Así dieron y, como de costumbre, fuimos a hacer el relevo al despacho del jefe del estado mayor. Dentro del despacho tras pedir permiso para entrar, tanto mi relevo como yo nos encontramos con la grata sorpresa que junto al jefe del estado mayor se encontraba el mismo señor achaparrado de la noche anterior, pero ahora emperejilado con un sinfín de medallas y condecoraciones, ya que en un par de horas se haría cargo del mando del acuartelamiento. Yo me dije, “tierra, trágame”. Tras hacer el relevo y antes que abandonásemos el despacho, el de apariencia beoda de la madrugada anterior se me acercó y, textualmente, me preguntó “¿usted tiene los cojones bien gordos, no?”, a lo que yo, quizás amparándome en que la orden que yo cumplí fue dada por la otra persona que se encontraba en ese momento en el despacho, contesté con un distendido “no sé a qué se refiere usted, mi general”. Tras una sonrisa poco histriónica del tantas veces condecorado, sonrisa en la que percibí un puñado de frases no lanzadas a mis oídos, fuimos autorizados a abandonar el despacho.

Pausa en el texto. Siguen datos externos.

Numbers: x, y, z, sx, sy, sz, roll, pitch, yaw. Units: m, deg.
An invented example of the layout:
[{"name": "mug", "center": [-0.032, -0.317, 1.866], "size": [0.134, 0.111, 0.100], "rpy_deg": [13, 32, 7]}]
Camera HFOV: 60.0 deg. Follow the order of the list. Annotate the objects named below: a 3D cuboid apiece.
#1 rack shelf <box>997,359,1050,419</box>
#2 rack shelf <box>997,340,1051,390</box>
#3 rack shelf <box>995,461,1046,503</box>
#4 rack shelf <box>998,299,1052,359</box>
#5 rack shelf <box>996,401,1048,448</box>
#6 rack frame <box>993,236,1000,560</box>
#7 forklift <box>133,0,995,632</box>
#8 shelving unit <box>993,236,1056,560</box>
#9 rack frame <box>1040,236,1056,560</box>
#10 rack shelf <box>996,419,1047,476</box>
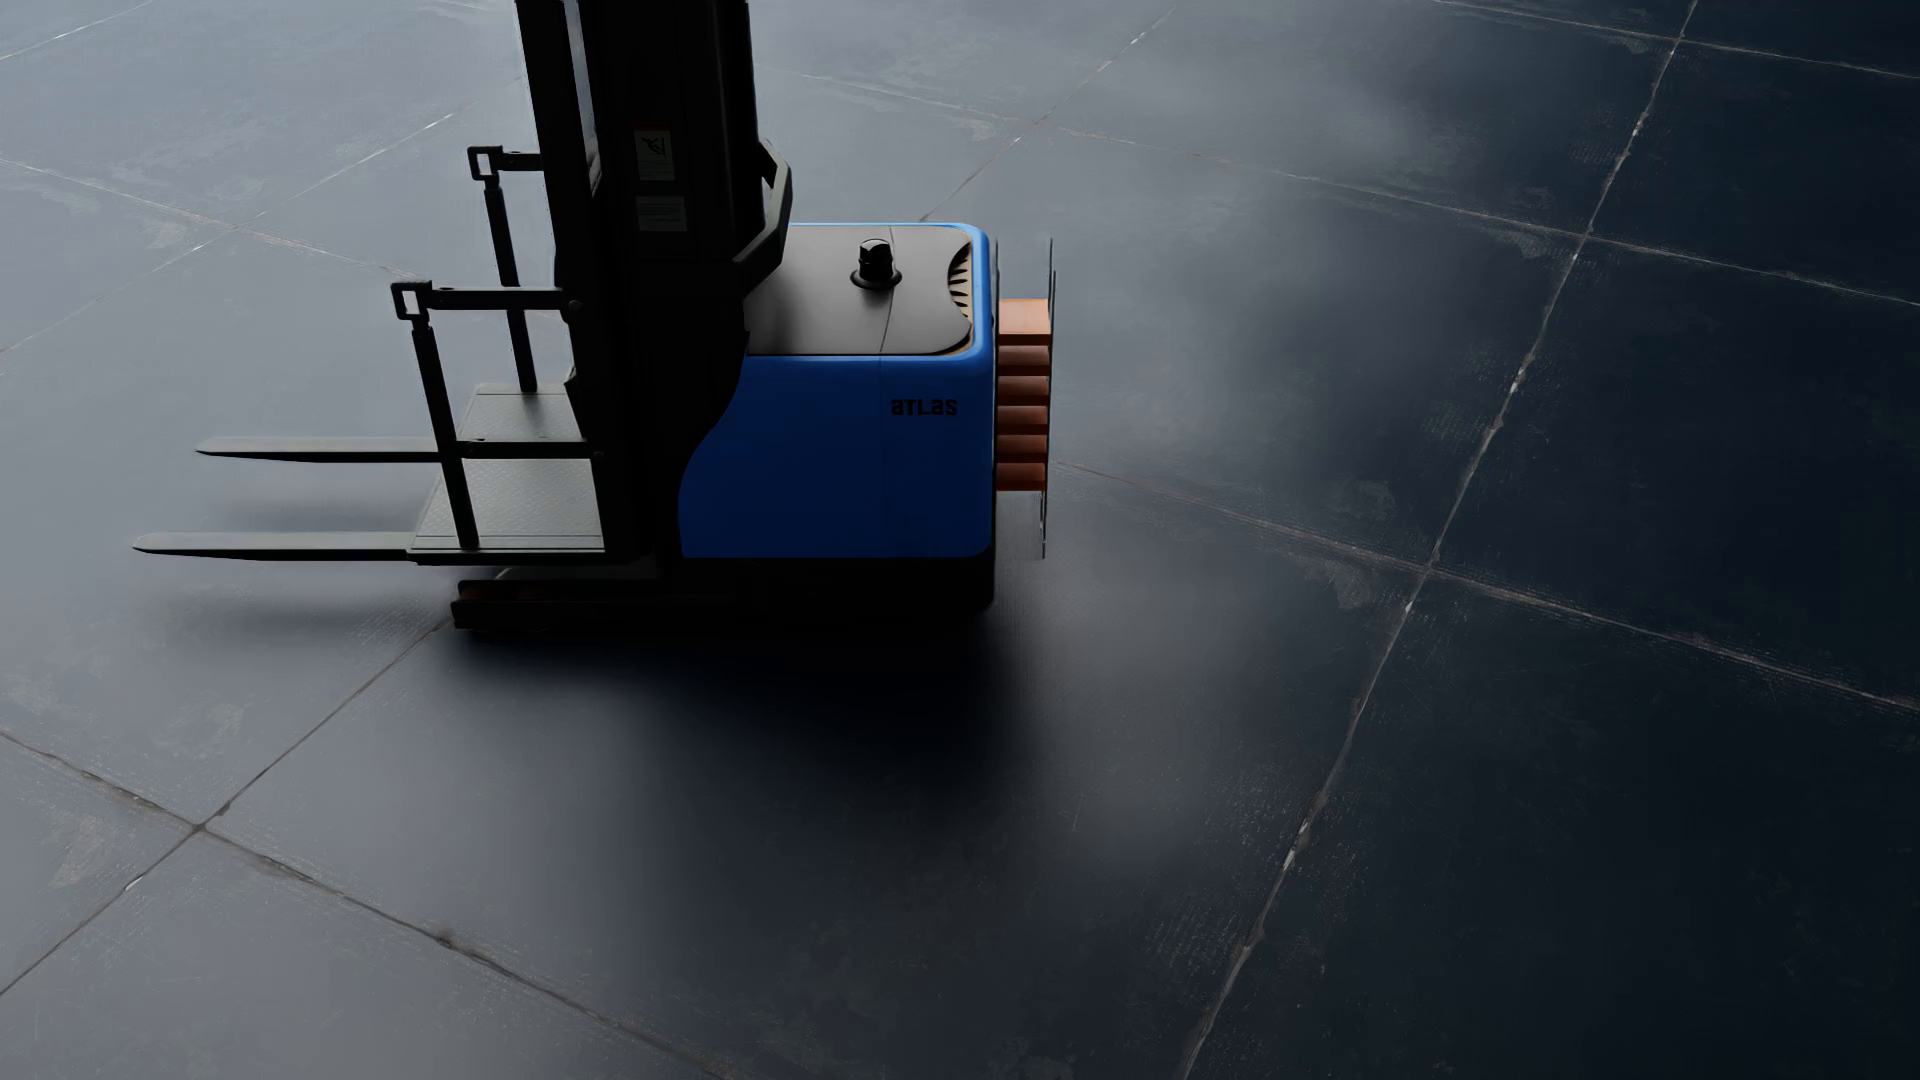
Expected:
[{"name": "rack shelf", "center": [0.218, -0.535, 5.838], "size": [0.180, 0.103, 0.258], "rpy_deg": [0, 37, 0]}, {"name": "rack shelf", "center": [0.218, -0.631, 5.765], "size": [0.180, 0.103, 0.258], "rpy_deg": [0, 37, 0]}, {"name": "rack shelf", "center": [0.218, -0.249, 6.056], "size": [0.180, 0.103, 0.258], "rpy_deg": [0, 37, 0]}, {"name": "rack shelf", "center": [0.218, -0.727, 5.693], "size": [0.180, 0.103, 0.258], "rpy_deg": [0, 37, 0]}, {"name": "rack shelf", "center": [0.218, -0.440, 5.911], "size": [0.180, 0.103, 0.258], "rpy_deg": [0, 37, 0]}, {"name": "rack frame", "center": [0.126, -0.475, 5.884], "size": [0.006, 1.200, 0.240], "rpy_deg": [0, 37, 0]}, {"name": "forklift", "center": [-1.397, -1.166, 5.362], "size": [3.031, 2.935, 1.130], "rpy_deg": [0, 37, 0]}, {"name": "shelving unit", "center": [0.218, -0.475, 5.884], "size": [0.189, 1.200, 0.258], "rpy_deg": [0, 37, 0]}, {"name": "rack frame", "center": [0.309, -0.475, 5.884], "size": [0.006, 1.200, 0.240], "rpy_deg": [0, 37, 0]}, {"name": "rack shelf", "center": [0.218, -0.344, 5.983], "size": [0.180, 0.103, 0.258], "rpy_deg": [0, 37, 0]}]

Tengo que decir que en los casi dos años posteriores al incidente relatado, en ningún momento me sentí perseguido, acosado o importunado por el protagonista principal de mi azarosa noche de guardia, ni por órdenes suyas que me llegasen a través de terceras personas. Más bien tengo que decir que en toda ocasión que coincidimos o fuera por él reclamado, que lo fui para cuestiones que ahora no vienen a cuento relatar, se comportó como el más caballero de entre los caballeros.



Pues ese comportamiento tan noble y educado es el que yo le recomiendo que tenga a la buena y civilizada señora Esperanza Aguirre (y ahora ya sin retintín) con los dos policías municipales que en su día lo que hicieron fue cumplir con las normas establecidas (de cumplimiento para todo ciudadano y ciudadana), caso hipotético que salga elegida alcaldesa de la muy noble villa de Madrid, recordándole que en estos pequeños detalles son en los que se ve la grandeza de una persona.


Dedicado a mi sobrina María del Carmen, deseándole una pronta recuperación.